5-: From the translation of a speech given at Moulineaux, in Normandy, by the French magistrate and politician Edgar Raoul-Duval (1832-1887)—translation published in The Standard (London, England) of Thursday 22nd August 1872:

He awaited the issue of the struggle with a foot in each camp. Whichever way the battle terminated, there would be a place for him; for, although he took no ostensible part in the insurrection, which pillaged, burnt, and assassinated, he did not in any way disavow or condemn it.

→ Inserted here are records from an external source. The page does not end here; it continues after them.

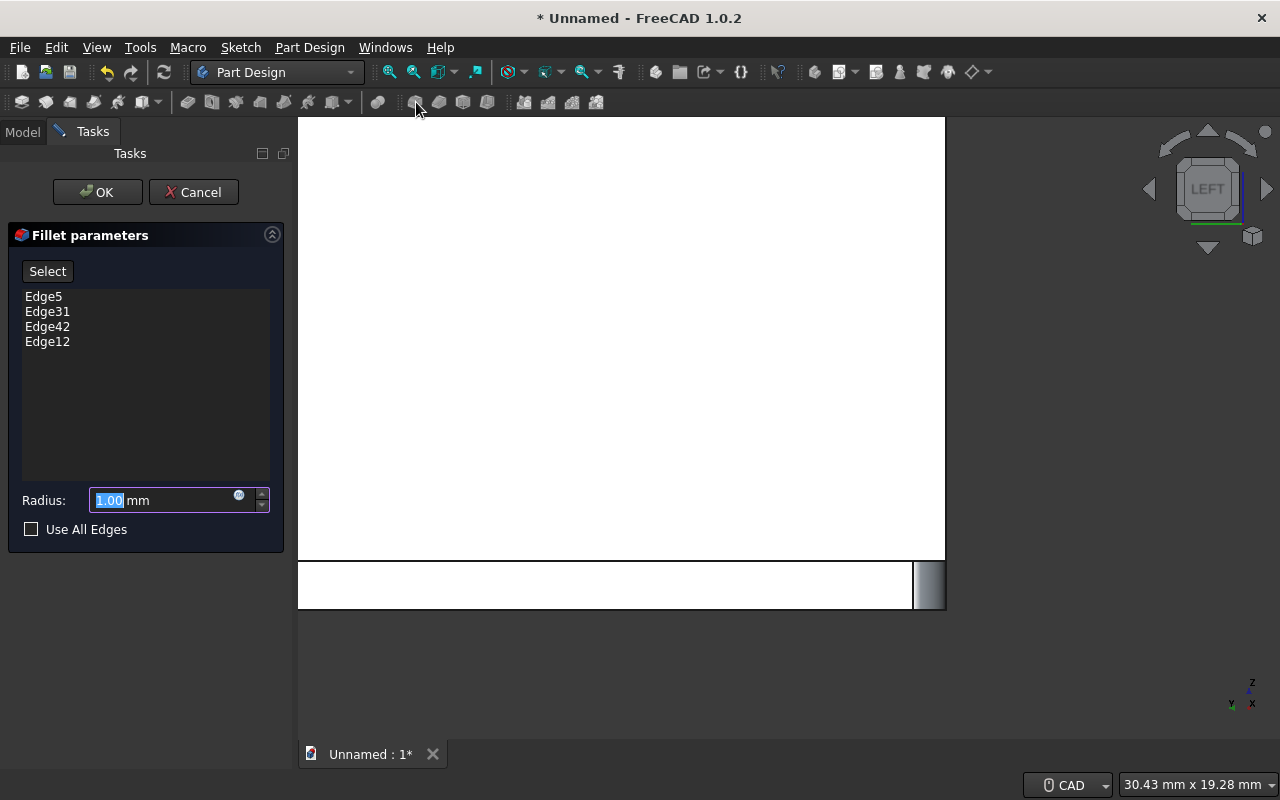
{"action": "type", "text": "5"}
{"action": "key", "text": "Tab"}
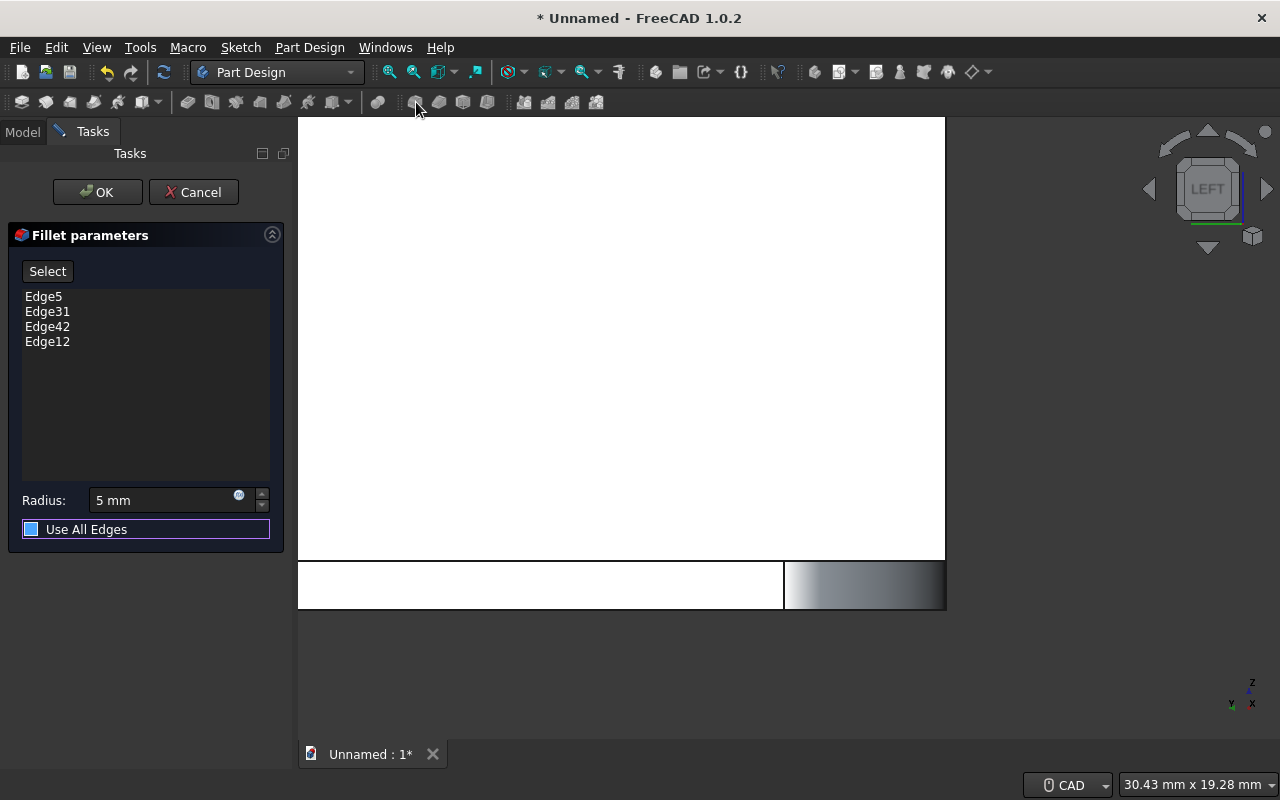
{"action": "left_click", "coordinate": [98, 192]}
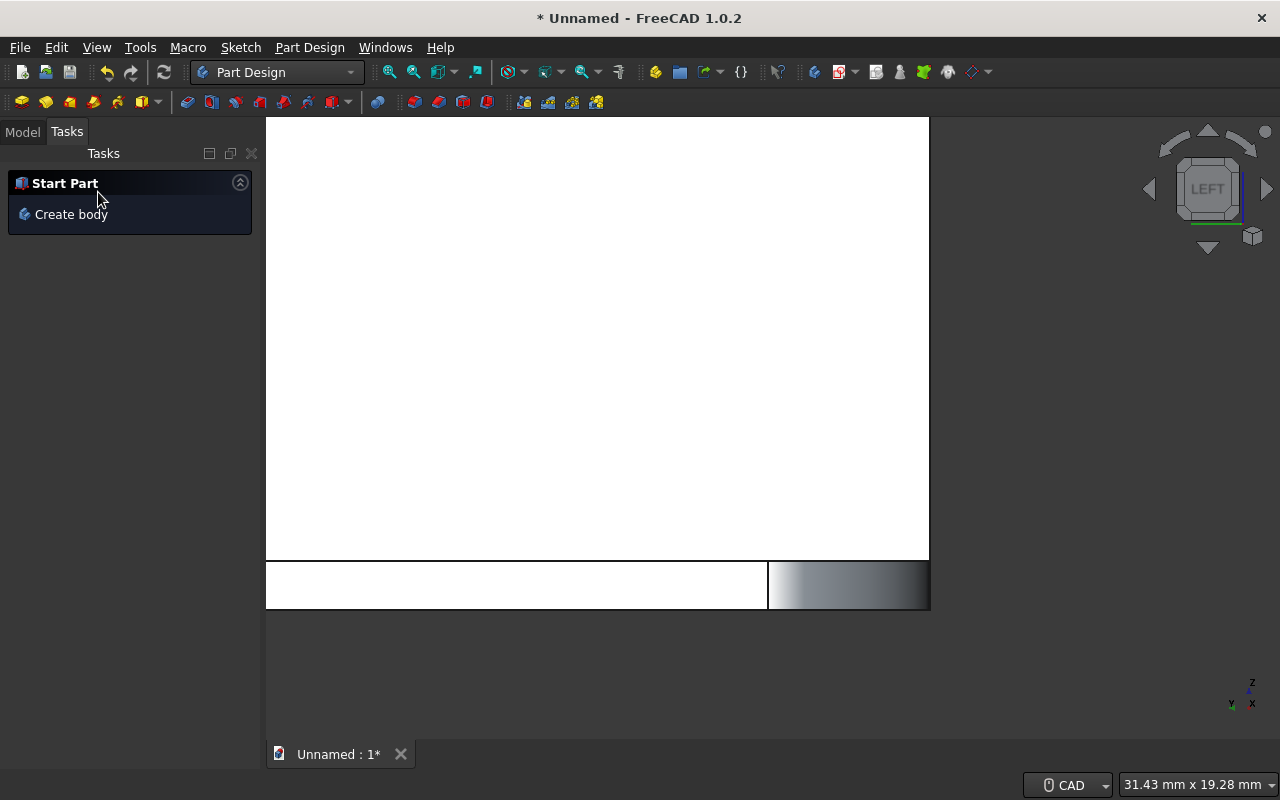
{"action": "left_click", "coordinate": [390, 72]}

6-: From Men of the Third Republic: M. Jules Simon, a biography of the French statesman and philosopher Jules Simon (1814-1896), published in The Montrose, Arbroath, and Brechin Review (Arbroath, Angus, Scotland) of Friday 7th February 1873:

M. Simon came back to France again, and in 1861 caused a new stir by some lectures at St Quentin and Verviers, intended to promote the creation of “cités ouvrières” (model lodging-houses). The Prefect of Police conveyed to him, through the medium of a common friend, that the Government could not allow any movement for the improvement of the working classes to be undertaken, unless the name of Napoleon were mentioned eulogistically in connection with it. M. Simon answered that 60,000 francs had been raised in one city and 240,000 francs in another on behalf of the model lodging-house movement without the co-operation of Napoleon’s name, and that he really could not see what that name had to do with the matter. He was told, in reply, that he had better take care of himself, and that the eye of the Rue de Jerusalem 4 would be upon him. From this moment friends who had a foot in both camps, Liberal and Cæsarial—MM. Duruy, Caro, and others—began to play the pumps of cajolery on Jules Simon. They tried to win him over.

4 La Préfecture de Police (the police headquarters) was located on rue de Jérusalem, in Paris, France.

7-: From a correspondence from Paris, France, published in Trewman’s Exeter Flying Post (Exeter, Devon, England) of Wednesday 28th October 1874:

Imperialism is an exception to being benefited by having two strings to its bow. It says to the Monarchists, “I am son of the Revolution, have killed my mother, have adopted hereditary monarchy and its accessories;” to the Republicans it makes the allocution, “I do not belong to the ancient regime, but to modern society, and advocate universal suffrage, provided I be entrusted with its manipulation.” Thus, Bonapartism endeavours to keep a foot in both camps, to run with the hounds, and hold with the hare.